━━━━━ Stored data ━━━━━
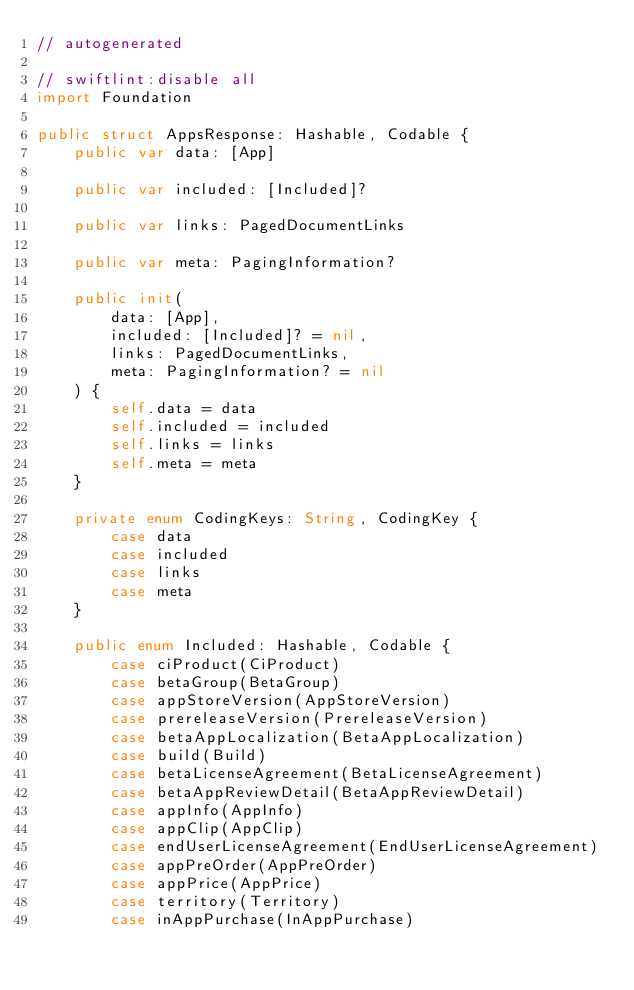Convert code to text. <code><loc_0><loc_0><loc_500><loc_500><_Swift_>// autogenerated

// swiftlint:disable all
import Foundation

public struct AppsResponse: Hashable, Codable {
    public var data: [App]

    public var included: [Included]?

    public var links: PagedDocumentLinks

    public var meta: PagingInformation?

    public init(
        data: [App],
        included: [Included]? = nil,
        links: PagedDocumentLinks,
        meta: PagingInformation? = nil
    ) {
        self.data = data
        self.included = included
        self.links = links
        self.meta = meta
    }

    private enum CodingKeys: String, CodingKey {
        case data
        case included
        case links
        case meta
    }

    public enum Included: Hashable, Codable {
        case ciProduct(CiProduct)
        case betaGroup(BetaGroup)
        case appStoreVersion(AppStoreVersion)
        case prereleaseVersion(PrereleaseVersion)
        case betaAppLocalization(BetaAppLocalization)
        case build(Build)
        case betaLicenseAgreement(BetaLicenseAgreement)
        case betaAppReviewDetail(BetaAppReviewDetail)
        case appInfo(AppInfo)
        case appClip(AppClip)
        case endUserLicenseAgreement(EndUserLicenseAgreement)
        case appPreOrder(AppPreOrder)
        case appPrice(AppPrice)
        case territory(Territory)
        case inAppPurchase(InAppPurchase)</code> 
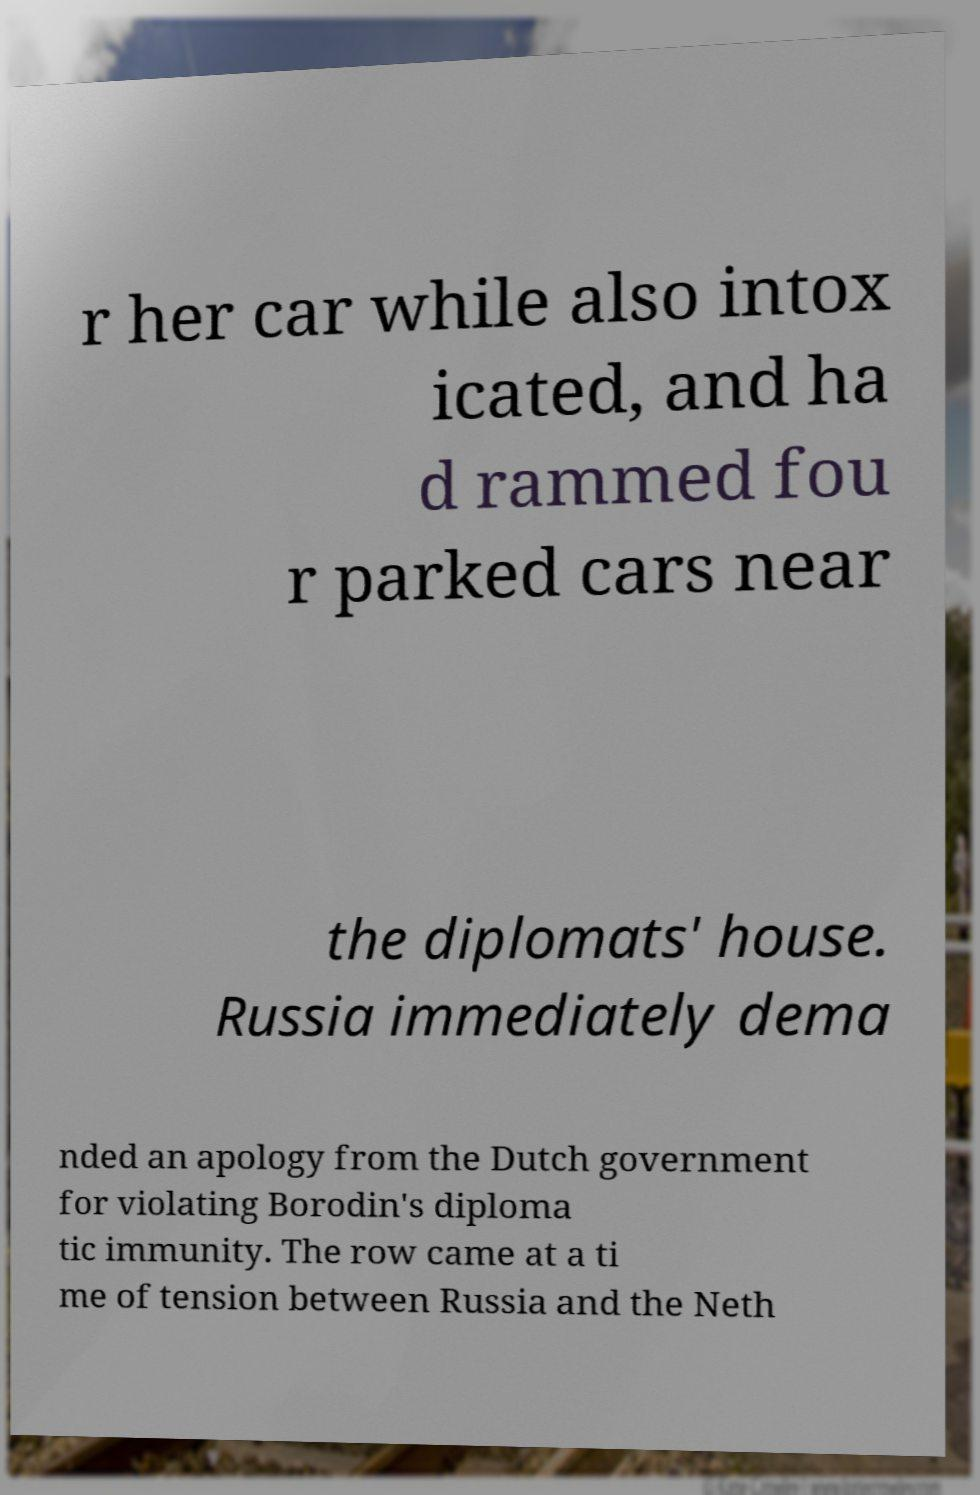There's text embedded in this image that I need extracted. Can you transcribe it verbatim? r her car while also intox icated, and ha d rammed fou r parked cars near the diplomats' house. Russia immediately dema nded an apology from the Dutch government for violating Borodin's diploma tic immunity. The row came at a ti me of tension between Russia and the Neth 
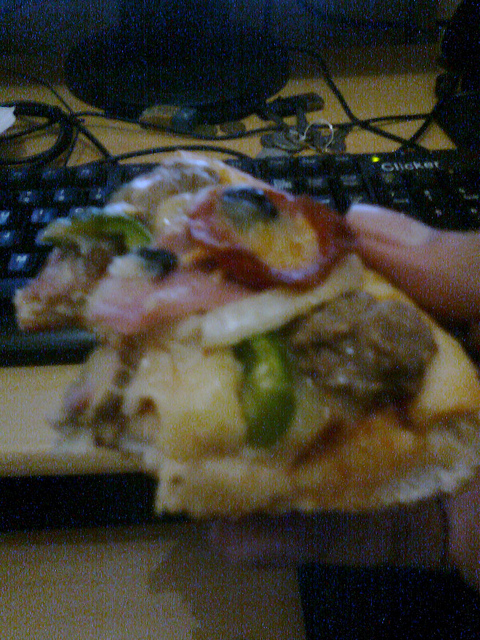What color bowls are pictured? The image doesn't show any bowls, focusing primarily on a slice of pizza. 
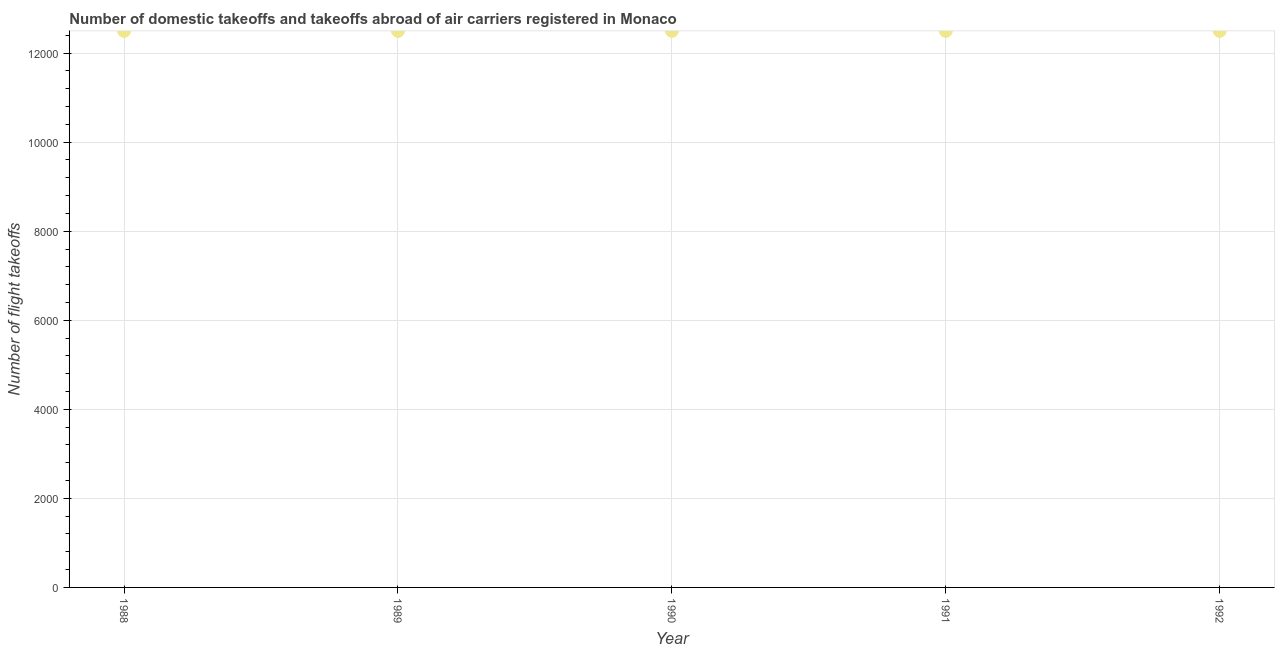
━━━━━
Output, line for line and exactly, the records above from their first line through the one with "case betaGroup(BetaGroup)", both ends included, but no pictures.

Convert code to text. <code><loc_0><loc_0><loc_500><loc_500><_Swift_>// autogenerated

// swiftlint:disable all
import Foundation

public struct AppsResponse: Hashable, Codable {
    public var data: [App]

    public var included: [Included]?

    public var links: PagedDocumentLinks

    public var meta: PagingInformation?

    public init(
        data: [App],
        included: [Included]? = nil,
        links: PagedDocumentLinks,
        meta: PagingInformation? = nil
    ) {
        self.data = data
        self.included = included
        self.links = links
        self.meta = meta
    }

    private enum CodingKeys: String, CodingKey {
        case data
        case included
        case links
        case meta
    }

    public enum Included: Hashable, Codable {
        case ciProduct(CiProduct)
        case betaGroup(BetaGroup)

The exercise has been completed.